## Excerpted records
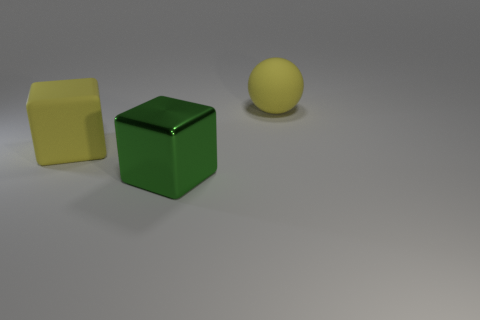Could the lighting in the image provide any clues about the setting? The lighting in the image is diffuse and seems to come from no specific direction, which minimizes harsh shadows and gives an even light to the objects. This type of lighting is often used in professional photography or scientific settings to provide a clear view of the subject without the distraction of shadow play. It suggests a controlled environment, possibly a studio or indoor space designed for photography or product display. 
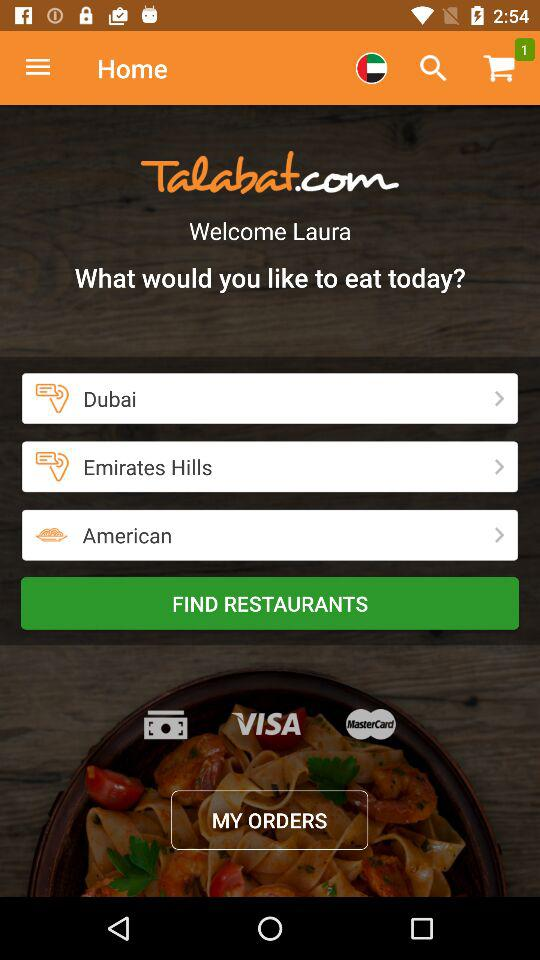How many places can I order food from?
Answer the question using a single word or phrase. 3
...
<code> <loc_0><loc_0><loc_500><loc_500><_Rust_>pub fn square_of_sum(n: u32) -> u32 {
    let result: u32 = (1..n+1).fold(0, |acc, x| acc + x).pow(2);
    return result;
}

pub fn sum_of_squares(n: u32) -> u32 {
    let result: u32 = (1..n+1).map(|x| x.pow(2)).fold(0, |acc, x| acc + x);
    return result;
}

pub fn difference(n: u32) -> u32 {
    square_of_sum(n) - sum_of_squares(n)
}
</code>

## Aim of the exercise
Please return all lines above in which the string "fold" is found.

## Output
    let result: u32 = (1..n+1).fold(0, |acc, x| acc + x).pow(2);
    let result: u32 = (1..n+1).map(|x| x.pow(2)).fold(0, |acc, x| acc + x);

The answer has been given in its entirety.